## Exercise
Reproduce each line of the following material exactly, omitting the images.
********************
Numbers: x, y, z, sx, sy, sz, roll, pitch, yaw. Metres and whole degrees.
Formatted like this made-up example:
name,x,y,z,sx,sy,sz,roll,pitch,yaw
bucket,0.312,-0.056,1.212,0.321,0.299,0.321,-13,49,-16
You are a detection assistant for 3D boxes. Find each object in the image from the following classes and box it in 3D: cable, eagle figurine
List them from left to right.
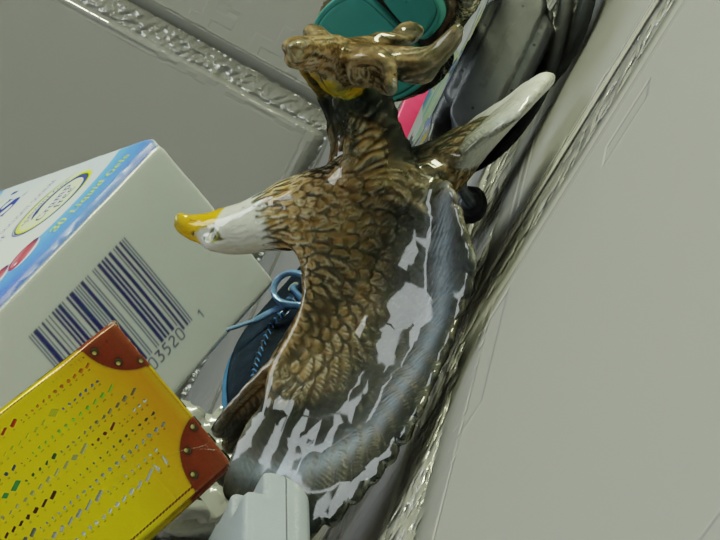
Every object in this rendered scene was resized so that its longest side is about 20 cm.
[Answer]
name,x,y,z,sx,sy,sz,roll,pitch,yaw
eagle figurine,-0.006,0.000,0.923,0.151,0.150,0.202,-12,-78,-46
cable,0.075,-0.106,1.066,0.163,0.050,0.201,115,179,-78

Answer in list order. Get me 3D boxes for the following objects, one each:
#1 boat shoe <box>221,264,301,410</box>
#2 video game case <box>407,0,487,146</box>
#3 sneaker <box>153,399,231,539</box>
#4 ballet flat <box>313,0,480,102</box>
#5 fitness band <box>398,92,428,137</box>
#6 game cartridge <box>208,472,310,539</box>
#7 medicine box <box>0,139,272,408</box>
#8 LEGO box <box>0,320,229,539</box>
name,x,y,z,sx,sy,sz,roll,pitch,yaw
boat shoe,-0.018,0.021,1.115,0.069,0.084,0.201,-55,10,34
video game case,0.061,-0.108,1.328,0.200,0.022,0.183,-58,7,50
sneaker,-0.084,0.108,1.077,0.081,0.075,0.200,-42,-14,12
ballet flat,0.032,-0.129,1.015,0.075,0.068,0.200,-42,1,-16
fitness band,0.028,-0.094,1.555,0.200,0.037,0.145,127,167,-69
game cartridge,-0.067,0.190,0.822,0.134,0.040,0.201,-88,22,-63
medicine box,-0.177,0.041,1.153,0.182,0.103,0.199,-49,21,-29
LEGO box,-0.165,0.127,0.866,0.200,0.077,0.149,-40,-1,-38
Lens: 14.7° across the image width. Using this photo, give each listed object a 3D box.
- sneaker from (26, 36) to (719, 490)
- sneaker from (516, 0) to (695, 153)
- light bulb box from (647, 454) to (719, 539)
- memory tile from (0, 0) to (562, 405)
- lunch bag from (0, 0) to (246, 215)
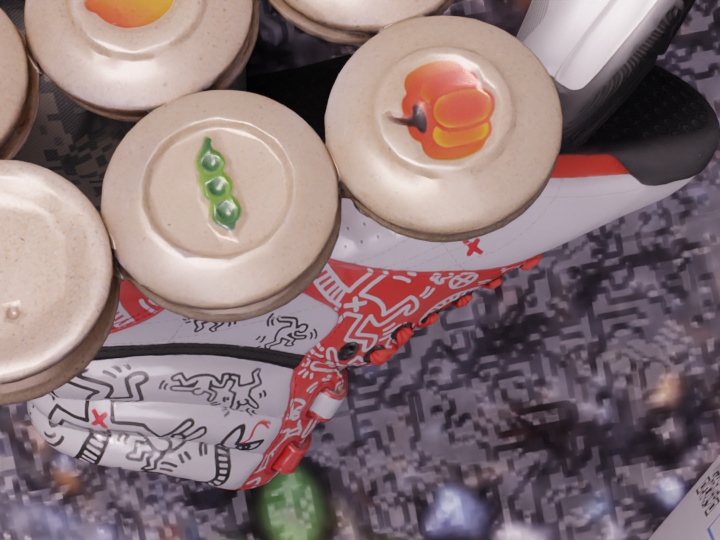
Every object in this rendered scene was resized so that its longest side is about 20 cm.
[{"bbox_3d":[-0.001,0.000,0.787,0.201,0.067,0.108,-8,126,-17],"label":"sneaker"},{"bbox_3d":[0.060,-0.136,0.750,0.115,0.076,0.201,28,79,3],"label":"sneaker"},{"bbox_3d":[0.187,0.064,0.734,0.125,0.198,0.200,37,98,-7],"label":"light bulb box"},{"bbox_3d":[-0.054,-0.078,0.609,0.153,0.017,0.200,-19,68,-6],"label":"memory tile"},{"bbox_3d":[-0.130,-0.083,0.701,0.200,0.164,0.118,-4,137,-1],"label":"lunch bag"}]
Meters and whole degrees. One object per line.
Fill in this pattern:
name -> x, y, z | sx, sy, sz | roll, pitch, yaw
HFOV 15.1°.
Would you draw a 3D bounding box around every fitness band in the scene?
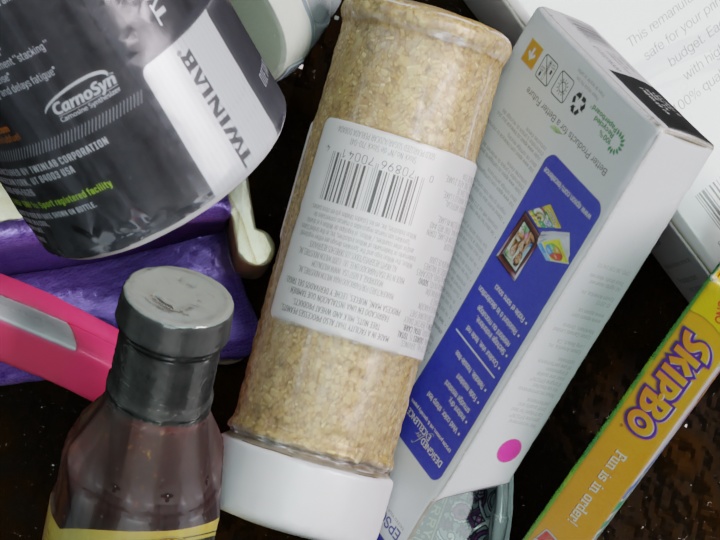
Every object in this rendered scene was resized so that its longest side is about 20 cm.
fitness band -> -0.149, 0.074, 1.035 | 0.199, 0.037, 0.144 | 28, 110, -30

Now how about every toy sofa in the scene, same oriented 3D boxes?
toy sofa -> -0.134, -0.001, 1.075 | 0.199, 0.083, 0.098 | -8, 85, -5

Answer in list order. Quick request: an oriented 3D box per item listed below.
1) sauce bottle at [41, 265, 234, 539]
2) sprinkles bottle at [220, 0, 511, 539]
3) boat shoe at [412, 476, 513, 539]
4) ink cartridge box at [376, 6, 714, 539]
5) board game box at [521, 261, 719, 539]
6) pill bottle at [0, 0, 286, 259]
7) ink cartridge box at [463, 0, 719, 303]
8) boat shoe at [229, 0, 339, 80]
sauce bottle -> -0.085, 0.093, 0.996 | 0.066, 0.066, 0.201 | 10, 121, -3
sprinkles bottle -> 0.000, 0.000, 1.024 | 0.068, 0.068, 0.201 | 16, 90, -3
boat shoe -> 0.013, 0.147, 1.080 | 0.070, 0.072, 0.202 | 16, 84, -3
ink cartridge box -> 0.051, 0.008, 1.038 | 0.037, 0.095, 0.201 | 17, 113, -38
board game box -> 0.115, 0.046, 1.030 | 0.030, 0.096, 0.201 | 34, 125, 8
pill bottle -> -0.116, -0.111, 0.957 | 0.106, 0.106, 0.201 | -33, 114, -6
ink cartridge box -> 0.157, -0.084, 1.102 | 0.146, 0.083, 0.200 | -37, 89, -6
boat shoe -> -0.066, -0.170, 1.025 | 0.070, 0.072, 0.202 | -9, 116, 36
********************
## Problem solution
Numbers: x, y, z, sx, sy, sz, roll, pitch, yaw. Metres and whole degrees.
Formatted like this made-up example:
name,x,y,z,sx,sy,sz,roll,pitch,yaw
bucket,0.312,-0.056,1.212,0.321,0.299,0.321,-13,49,-16
You are a detection assistant for 3D boxes. Find each object in the image from the following classes and box it in 3D: cable, eagle figurine
List them from left to right.
Every object in this rendered scene was resized so that its longest side is about 20 cm.
[Answer]
name,x,y,z,sx,sy,sz,roll,pitch,yaw
eagle figurine,-0.006,0.000,0.923,0.151,0.150,0.202,-12,-78,-46
cable,0.075,-0.106,1.066,0.163,0.050,0.201,115,179,-78

Answer in list order. Get me 3D boxes for the following objects, one each:
#1 boat shoe <box>221,264,301,410</box>
#2 video game case <box>407,0,487,146</box>
#3 sneaker <box>153,399,231,539</box>
#4 ballet flat <box>313,0,480,102</box>
#5 fitness band <box>398,92,428,137</box>
#6 game cartridge <box>208,472,310,539</box>
#7 medicine box <box>0,139,272,408</box>
#8 LEGO box <box>0,320,229,539</box>
name,x,y,z,sx,sy,sz,roll,pitch,yaw
boat shoe,-0.018,0.021,1.115,0.069,0.084,0.201,-55,10,34
video game case,0.061,-0.108,1.328,0.200,0.022,0.183,-58,7,50
sneaker,-0.084,0.108,1.077,0.081,0.075,0.200,-42,-14,12
ballet flat,0.032,-0.129,1.015,0.075,0.068,0.200,-42,1,-16
fitness band,0.028,-0.094,1.555,0.200,0.037,0.145,127,167,-69
game cartridge,-0.067,0.190,0.822,0.134,0.040,0.201,-88,22,-63
medicine box,-0.177,0.041,1.153,0.182,0.103,0.199,-49,21,-29
LEGO box,-0.165,0.127,0.866,0.200,0.077,0.149,-40,-1,-38
Lens: 14.7° across the image width. Using this photo, give each listed object a 3D box.
- sneaker from (26, 36) to (719, 490)
- sneaker from (516, 0) to (695, 153)
- light bulb box from (647, 454) to (719, 539)
- memory tile from (0, 0) to (562, 405)
- lunch bag from (0, 0) to (246, 215)
Every object in this rendered scene was resized so that its longest side is about 20 cm.
[{"bbox_3d":[-0.001,0.000,0.787,0.201,0.067,0.108,-8,126,-17],"label":"sneaker"},{"bbox_3d":[0.060,-0.136,0.750,0.115,0.076,0.201,28,79,3],"label":"sneaker"},{"bbox_3d":[0.187,0.064,0.734,0.125,0.198,0.200,37,98,-7],"label":"light bulb box"},{"bbox_3d":[-0.054,-0.078,0.609,0.153,0.017,0.200,-19,68,-6],"label":"memory tile"},{"bbox_3d":[-0.130,-0.083,0.701,0.200,0.164,0.118,-4,137,-1],"label":"lunch bag"}]
Meters and whole degrees. One object per line.
Fill in this pattern:
name -> x, y, z | sx, sy, sz | roll, pitch, yaw
HFOV 15.1°.
Would you draw a 3D bounding box around every fitness band in the scene?
Every object in this rendered scene was resized so that its longest side is about 20 cm.
fitness band -> -0.149, 0.074, 1.035 | 0.199, 0.037, 0.144 | 28, 110, -30

Now how about every toy sofa in the scene, same oriented 3D boxes?
toy sofa -> -0.134, -0.001, 1.075 | 0.199, 0.083, 0.098 | -8, 85, -5

Answer in list order. Quick request: an oriented 3D box per item listed below.
1) sauce bottle at [41, 265, 234, 539]
2) sprinkles bottle at [220, 0, 511, 539]
3) boat shoe at [412, 476, 513, 539]
4) ink cartridge box at [376, 6, 714, 539]
5) board game box at [521, 261, 719, 539]
6) pill bottle at [0, 0, 286, 259]
7) ink cartridge box at [463, 0, 719, 303]
8) boat shoe at [229, 0, 339, 80]
sauce bottle -> -0.085, 0.093, 0.996 | 0.066, 0.066, 0.201 | 10, 121, -3
sprinkles bottle -> 0.000, 0.000, 1.024 | 0.068, 0.068, 0.201 | 16, 90, -3
boat shoe -> 0.013, 0.147, 1.080 | 0.070, 0.072, 0.202 | 16, 84, -3
ink cartridge box -> 0.051, 0.008, 1.038 | 0.037, 0.095, 0.201 | 17, 113, -38
board game box -> 0.115, 0.046, 1.030 | 0.030, 0.096, 0.201 | 34, 125, 8
pill bottle -> -0.116, -0.111, 0.957 | 0.106, 0.106, 0.201 | -33, 114, -6
ink cartridge box -> 0.157, -0.084, 1.102 | 0.146, 0.083, 0.200 | -37, 89, -6
boat shoe -> -0.066, -0.170, 1.025 | 0.070, 0.072, 0.202 | -9, 116, 36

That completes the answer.